Though the ultimate role of artificial intelligence in music and songwriting remains to be seen, Springfield isn’t too worried.

“A computer will never have a soul, no matter how smart it gets or how self-preserving and self-aware it gets,” says the 74-year-old rocker, who’s heading to Aurora’s RiverEdge Park on Aug. 31 as part of the “I Want My ’80s Tour.”

“And that’s where the connection is. That’s why [music] hits everybody in a place they can’t explain. I mean, there’s a soul in songwriting that even songwriters don’t understand.”

Leading with this soul has served as a driving force throughout Springfield’s career, a soul that finds itself illuminated on a string of hits such as 1983’s “Affair of the Heart” and 1982’s “Don’t Talk to Strangers” as much as it is on deeper cuts such as “World Start Turning” and “State of the Heart.”

“I think being a writer with depression has certainly had me looking inwards a lot earlier than when I was supposed to,” says Springfield, whose father’s death in 1981 inspired a number of the singer’s greatest pieces of work, including the touching “My Father’s Chair.”

“I think that moment of watching my dad die the first time (his dad was 51 years old when his heart stopped, but eventually was resuscitated) changed my writing. I started to write about stuff that I was experiencing rather than made-up relationships with girls or relationships I never had.”

Springfield continues to pull from that deep and personal well on his new album “Automatic,” an EDM-inspired, pulsating puzzle of music that Springfield stylistically places somewhere between “Working Class Dog” and “Tao.”

“I’ve been listening to a lot of EDM stuff,” says Springfield of the inspirations behind the lofty project that serves as his first new studio album since 2018.

“They’re still my songs, but with a slightly different approach. It’s just that I like a big kick drum, and I love sound effects and I love playing keyboard and guitar. So that’s just how it came out.”

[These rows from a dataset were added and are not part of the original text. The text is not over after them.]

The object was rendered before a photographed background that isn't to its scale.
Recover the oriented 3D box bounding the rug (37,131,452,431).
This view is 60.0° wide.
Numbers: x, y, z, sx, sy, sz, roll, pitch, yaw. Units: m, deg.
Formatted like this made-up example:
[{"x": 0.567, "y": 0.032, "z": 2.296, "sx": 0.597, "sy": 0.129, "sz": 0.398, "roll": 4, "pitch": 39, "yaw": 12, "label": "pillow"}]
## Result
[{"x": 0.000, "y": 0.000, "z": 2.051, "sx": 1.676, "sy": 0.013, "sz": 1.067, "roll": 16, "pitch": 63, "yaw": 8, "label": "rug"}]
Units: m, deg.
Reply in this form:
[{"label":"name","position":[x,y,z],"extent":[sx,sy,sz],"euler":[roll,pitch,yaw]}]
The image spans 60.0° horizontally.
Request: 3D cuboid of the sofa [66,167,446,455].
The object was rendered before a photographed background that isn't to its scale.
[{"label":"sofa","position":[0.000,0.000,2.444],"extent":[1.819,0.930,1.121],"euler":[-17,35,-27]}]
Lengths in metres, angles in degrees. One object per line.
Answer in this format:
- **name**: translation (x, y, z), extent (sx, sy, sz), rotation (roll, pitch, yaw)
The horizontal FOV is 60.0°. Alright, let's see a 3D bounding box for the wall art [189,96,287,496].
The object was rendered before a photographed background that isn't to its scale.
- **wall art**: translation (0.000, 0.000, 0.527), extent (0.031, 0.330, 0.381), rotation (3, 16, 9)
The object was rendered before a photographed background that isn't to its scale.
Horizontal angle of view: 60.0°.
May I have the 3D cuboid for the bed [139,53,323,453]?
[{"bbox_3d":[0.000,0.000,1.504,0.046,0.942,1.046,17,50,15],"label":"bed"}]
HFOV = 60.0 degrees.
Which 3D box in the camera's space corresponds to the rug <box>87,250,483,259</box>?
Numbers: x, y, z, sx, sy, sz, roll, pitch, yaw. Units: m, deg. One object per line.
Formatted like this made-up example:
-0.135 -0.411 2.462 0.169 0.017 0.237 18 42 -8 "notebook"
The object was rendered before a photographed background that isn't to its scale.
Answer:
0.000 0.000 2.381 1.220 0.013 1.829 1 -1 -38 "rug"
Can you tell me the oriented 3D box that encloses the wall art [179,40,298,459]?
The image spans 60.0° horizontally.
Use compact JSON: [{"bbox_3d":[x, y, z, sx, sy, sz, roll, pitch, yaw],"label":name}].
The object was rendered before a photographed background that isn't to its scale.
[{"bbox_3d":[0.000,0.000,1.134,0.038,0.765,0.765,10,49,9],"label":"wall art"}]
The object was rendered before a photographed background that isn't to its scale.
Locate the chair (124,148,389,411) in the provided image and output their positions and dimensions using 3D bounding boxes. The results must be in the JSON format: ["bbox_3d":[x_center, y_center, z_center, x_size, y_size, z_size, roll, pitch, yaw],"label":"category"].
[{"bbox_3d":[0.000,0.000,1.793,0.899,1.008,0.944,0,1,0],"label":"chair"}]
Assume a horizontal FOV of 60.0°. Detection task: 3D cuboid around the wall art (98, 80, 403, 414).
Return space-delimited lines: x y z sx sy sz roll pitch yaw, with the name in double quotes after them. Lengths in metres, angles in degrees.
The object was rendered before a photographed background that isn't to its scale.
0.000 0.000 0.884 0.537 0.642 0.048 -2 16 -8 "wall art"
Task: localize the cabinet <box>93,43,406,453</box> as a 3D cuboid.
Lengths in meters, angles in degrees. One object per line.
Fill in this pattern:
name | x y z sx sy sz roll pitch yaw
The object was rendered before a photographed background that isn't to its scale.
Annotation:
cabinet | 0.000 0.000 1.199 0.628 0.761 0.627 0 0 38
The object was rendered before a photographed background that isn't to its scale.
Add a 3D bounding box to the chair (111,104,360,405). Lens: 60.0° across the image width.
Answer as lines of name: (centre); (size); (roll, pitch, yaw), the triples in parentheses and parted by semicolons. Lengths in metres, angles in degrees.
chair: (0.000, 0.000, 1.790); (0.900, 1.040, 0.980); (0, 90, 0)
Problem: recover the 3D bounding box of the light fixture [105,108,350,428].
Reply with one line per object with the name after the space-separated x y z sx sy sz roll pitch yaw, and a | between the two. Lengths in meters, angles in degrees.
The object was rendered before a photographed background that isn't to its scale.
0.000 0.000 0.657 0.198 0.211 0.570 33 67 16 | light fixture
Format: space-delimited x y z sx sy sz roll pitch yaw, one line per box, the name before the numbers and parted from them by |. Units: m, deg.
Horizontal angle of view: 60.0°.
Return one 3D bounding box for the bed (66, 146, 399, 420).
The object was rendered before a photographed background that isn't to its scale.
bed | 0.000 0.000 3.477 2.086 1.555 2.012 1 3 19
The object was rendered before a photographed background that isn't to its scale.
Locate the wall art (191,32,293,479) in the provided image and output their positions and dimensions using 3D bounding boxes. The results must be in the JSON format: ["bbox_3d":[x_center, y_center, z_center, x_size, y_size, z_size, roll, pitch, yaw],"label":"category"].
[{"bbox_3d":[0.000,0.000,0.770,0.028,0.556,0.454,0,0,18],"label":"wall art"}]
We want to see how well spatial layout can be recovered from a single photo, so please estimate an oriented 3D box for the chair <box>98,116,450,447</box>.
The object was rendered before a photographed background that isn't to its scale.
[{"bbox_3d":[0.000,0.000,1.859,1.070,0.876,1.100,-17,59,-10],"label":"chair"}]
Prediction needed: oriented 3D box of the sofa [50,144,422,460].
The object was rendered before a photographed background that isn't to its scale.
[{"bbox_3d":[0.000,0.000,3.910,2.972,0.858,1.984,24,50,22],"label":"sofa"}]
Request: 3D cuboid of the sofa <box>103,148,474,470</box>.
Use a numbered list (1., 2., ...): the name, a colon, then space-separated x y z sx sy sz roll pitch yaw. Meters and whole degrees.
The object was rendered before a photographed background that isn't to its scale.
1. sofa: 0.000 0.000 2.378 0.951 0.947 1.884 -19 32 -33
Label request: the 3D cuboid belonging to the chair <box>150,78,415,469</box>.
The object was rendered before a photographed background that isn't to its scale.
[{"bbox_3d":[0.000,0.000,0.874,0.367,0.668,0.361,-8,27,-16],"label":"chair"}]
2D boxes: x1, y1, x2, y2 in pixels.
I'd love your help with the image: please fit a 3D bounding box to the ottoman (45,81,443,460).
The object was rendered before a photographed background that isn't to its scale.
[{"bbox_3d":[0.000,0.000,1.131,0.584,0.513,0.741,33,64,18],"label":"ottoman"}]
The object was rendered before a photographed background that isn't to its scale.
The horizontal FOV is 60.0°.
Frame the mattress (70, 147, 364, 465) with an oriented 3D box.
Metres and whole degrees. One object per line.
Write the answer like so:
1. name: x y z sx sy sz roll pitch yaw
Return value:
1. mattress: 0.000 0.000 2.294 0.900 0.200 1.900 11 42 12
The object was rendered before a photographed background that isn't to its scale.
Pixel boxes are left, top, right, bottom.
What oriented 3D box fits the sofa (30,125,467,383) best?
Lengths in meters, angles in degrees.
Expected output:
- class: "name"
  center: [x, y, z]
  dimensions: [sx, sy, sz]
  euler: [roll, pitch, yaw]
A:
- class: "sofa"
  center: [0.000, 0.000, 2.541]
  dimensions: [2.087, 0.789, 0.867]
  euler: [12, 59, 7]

And the way his life has always played out, with him following the road put in front of him, might soon have him writing another book.

“I have notes,” admits Springfield, whose books “Late, Late at Night: A Memoir” and “Magnificent Vibration” both scored him a spot on the New York Times bestseller’s list. “I have a bunch of stuff written. I just need to kind of focus. Twenty songs [on ‘Automatic’] has maybe drained me for a little while as far as songwriting goes. I hope there is another book in me, but you can’t force it. If you don’t have the inspiration, you don’t have the inspiration.”

But he won’t be heading to AI anytime soon for any sort of assist.

“AI will get better and better, and probably there will come times when a computer will write a song that will actually be a good song,” he says. “But if it happens, it will just come from knowledge. You’re not going to write anything that touches anybody just from knowledge. You have to have a soul in it.”